[Dataset records]
BEGIN
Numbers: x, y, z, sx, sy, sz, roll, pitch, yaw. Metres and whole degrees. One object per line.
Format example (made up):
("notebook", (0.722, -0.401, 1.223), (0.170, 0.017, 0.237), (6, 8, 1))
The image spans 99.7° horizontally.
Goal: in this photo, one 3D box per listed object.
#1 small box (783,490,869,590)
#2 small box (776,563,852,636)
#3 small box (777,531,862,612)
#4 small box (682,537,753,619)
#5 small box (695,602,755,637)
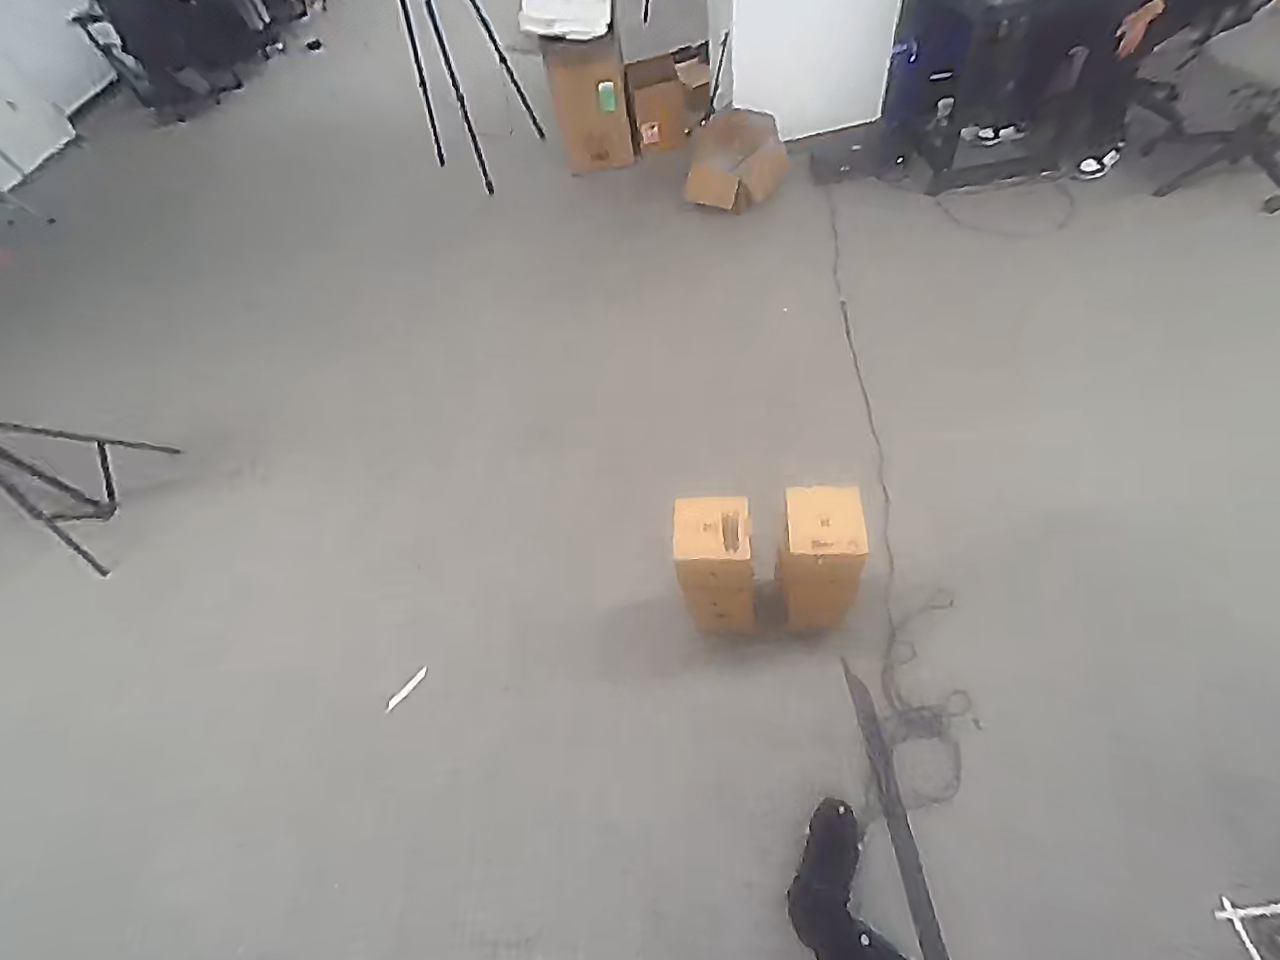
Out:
("small box", (0.429, 0.142, 1.275), (0.168, 0.176, 0.179), (-1, 54, 11))
("small box", (0.486, 0.325, 1.539), (0.168, 0.176, 0.179), (-9, 54, 6))
("small box", (0.459, 0.233, 1.408), (0.179, 0.176, 0.168), (-7, 54, 7))
("small box", (0.209, 0.262, 1.433), (0.179, 0.176, 0.168), (-2, 55, 11))
("small box", (0.242, 0.342, 1.574), (0.168, 0.176, 0.179), (-5, 55, 9))
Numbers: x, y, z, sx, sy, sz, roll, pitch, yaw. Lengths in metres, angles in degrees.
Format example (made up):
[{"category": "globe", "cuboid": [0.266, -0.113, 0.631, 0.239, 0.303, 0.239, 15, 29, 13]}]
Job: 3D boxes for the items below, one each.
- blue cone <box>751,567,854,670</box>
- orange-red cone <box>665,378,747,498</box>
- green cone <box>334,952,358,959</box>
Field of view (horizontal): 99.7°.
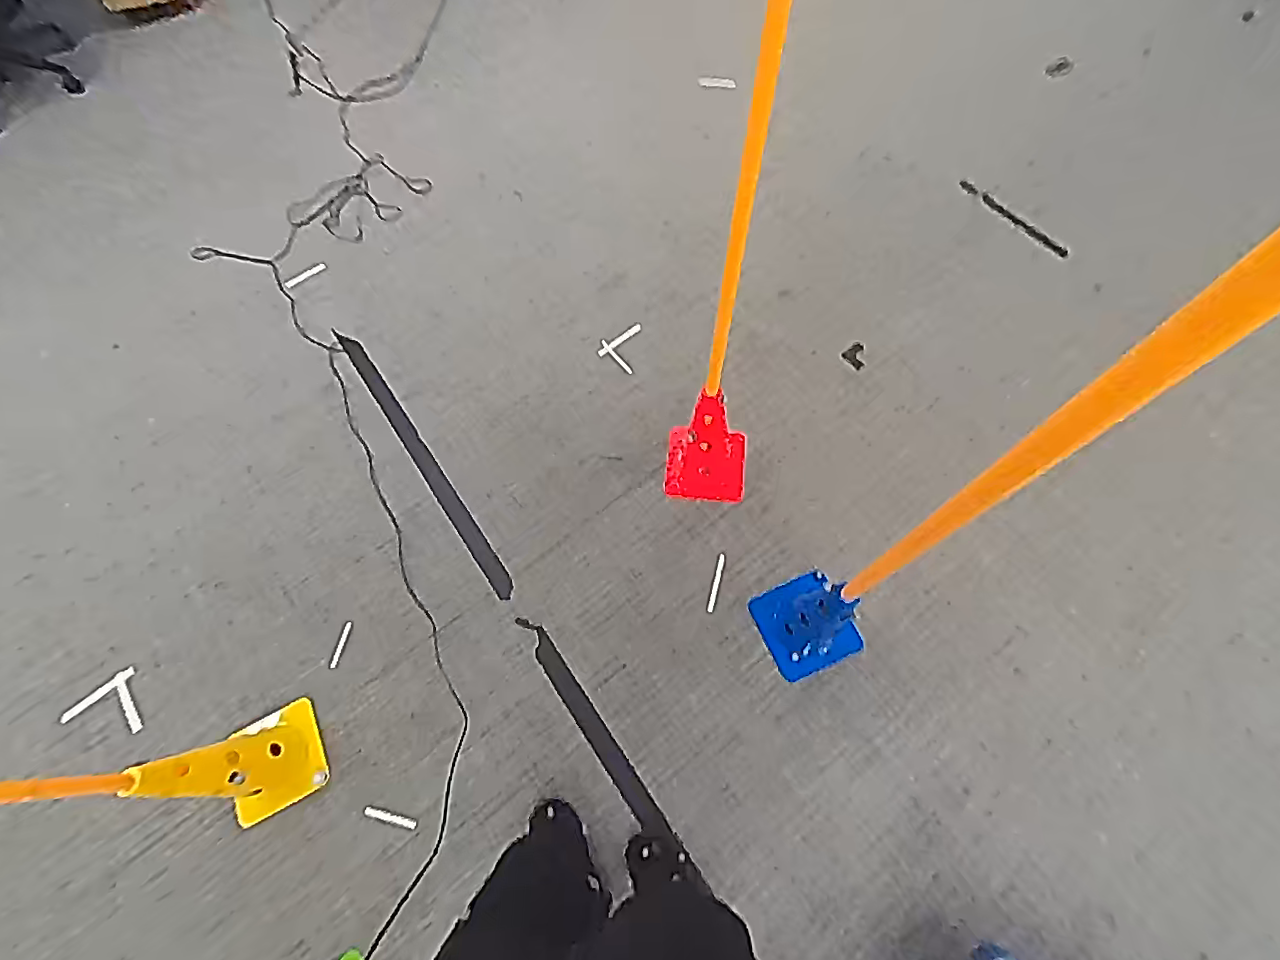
END
What you are asked to do:
In the entries above, tally the lines containing the word "pitch" and return only the tally.

Reply:
2